Methods: We constructed PRS using weights curated in the online PGS Catalog. PRS performance was evaluated by distribution, discrimination, predictive ability, and calibration. Hazard ratios (HR) and corresponding confidence intervals [CI] of the common cancers after 20 years of follow-up were estimated using Cox proportional hazard models for different levels of PRS.
Results: A total of 495 breast, 308 prostate, 332 female-colorectal, 409 male-colorectal, 181 female-lung and 381 male-lung incident cancers were identified. The area under receiver operating characteristic curve for the best performing site-specific PRS were 0.61 (PGS000873, breast), 0.70 (PGS00662, prostate), 0.65 (PGS000055, female-colorectal), 0.60 (PGS000734, male-colorectal) and 0.56 (PGS000721, female-lung), and 0.58 (PGS000070, male-lung), respectively. Compared to the middle quintile, individuals in the highest cancer-specific PRS quintile were 64% more likely to develop cancers of the breast, prostate, and colorectal. For lung cancer, the lowest cancer-specific PRS quintile was associated with 28-34% decreased risk compared to the middle quintile.

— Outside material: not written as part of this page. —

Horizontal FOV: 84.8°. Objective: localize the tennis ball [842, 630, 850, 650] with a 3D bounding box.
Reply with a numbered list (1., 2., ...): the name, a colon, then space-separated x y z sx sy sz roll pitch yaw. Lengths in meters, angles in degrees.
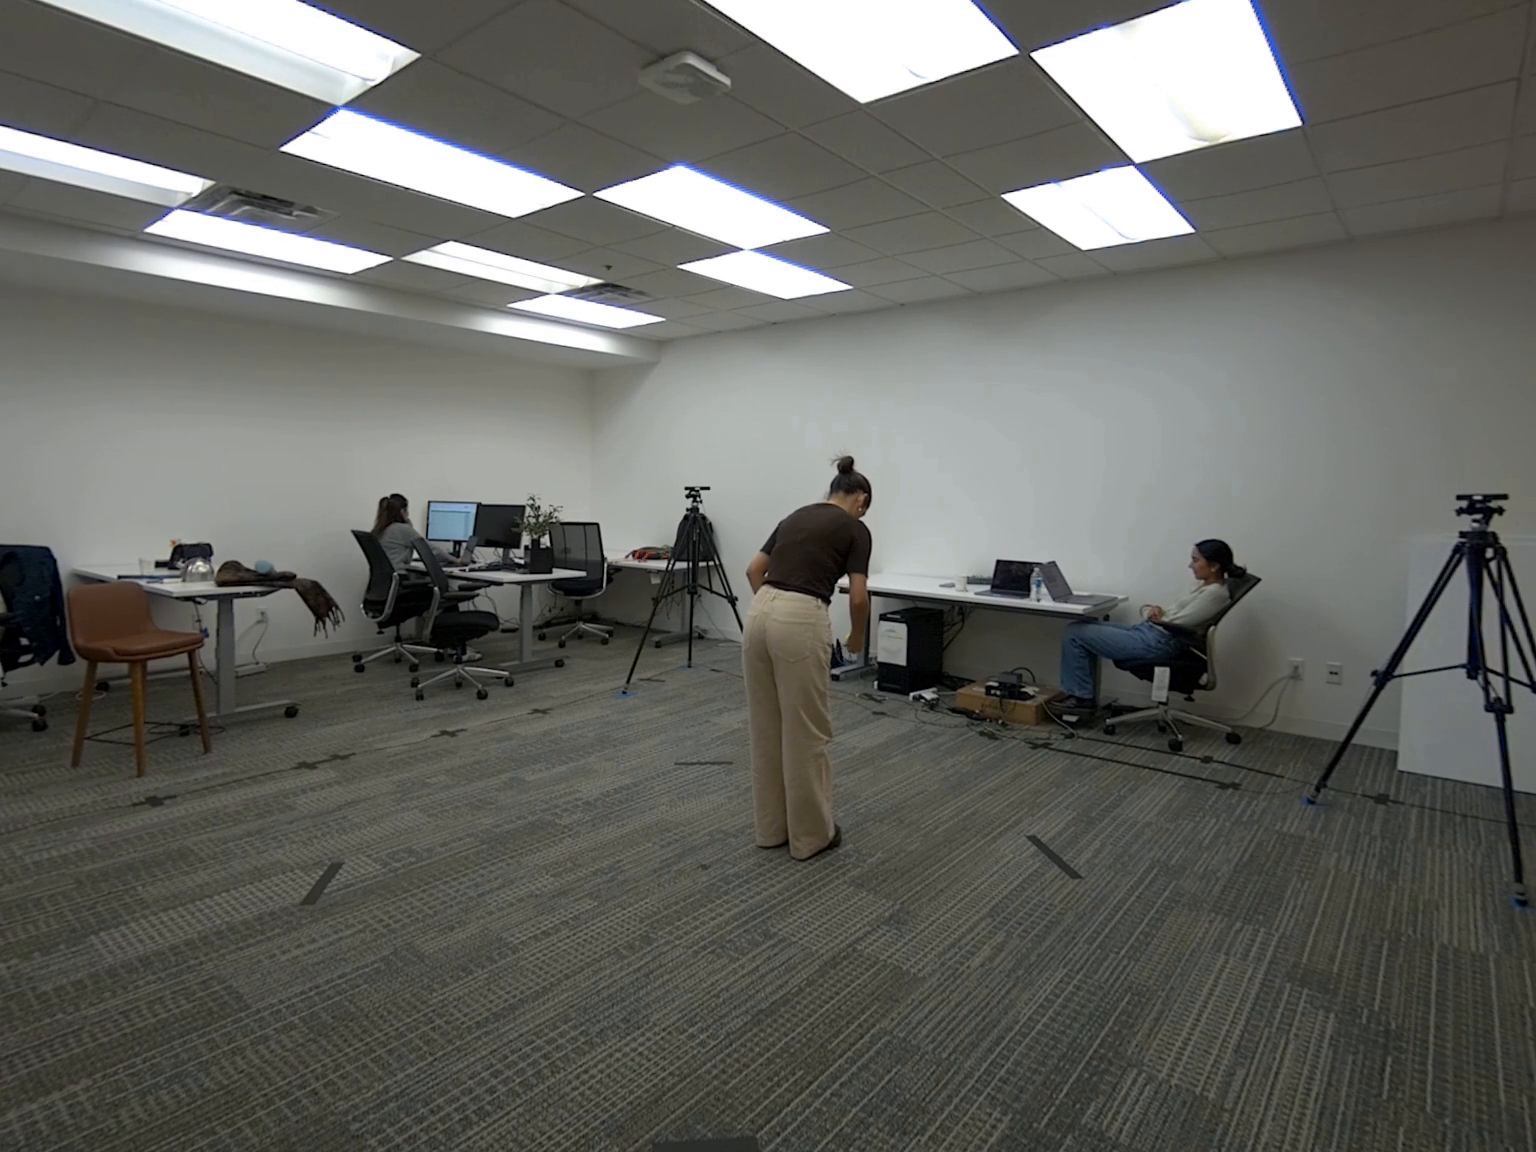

In contrast, the hazard ratios observed for quintiles 4 (female-lung: 0.95 [0.61-1.47]; male-lung: 1.14 [0.82-1.57]) and 5 (female-lung: 0.95 [0.61-1.47]) were not significantly different from that for the middle quintile.
Conclusions: Site-specific PRSs can stratify the risk of developing breast, prostate, and colorectal cancers in this East Asian population. Appropriate correction factors may be required to improve calibration.
Funding This work is supported by the National Research Foundation Singapore (NRF-NRFF2017-02), PRECISION Health Research, Singapore (PRECISE) and the Agency for Science, Technology and Research (A*STAR). WP Koh was supported by National Medical Research Council, Singapore (NMRC/CSA/0055/2013). CC Khor was supported by National Research Foundation Singapore (NRF-NRFI2018-01). Rajkumar Dorajoo received a grant from the Agency for Science, Technology and Research Career Development Award (A*STAR CDA - 202D8090), and from Ministry of Health Healthy Longevity Catalyst Award (HLCA20Jan-0022). The Singapore Chinese Health Study was supported by grants from the National Medical Research Council, Singapore (NMRC/CIRG/1456/2016) and the U.S. National Institutes of Health [NIH] (R01 CA144034 and UM1 CA182876).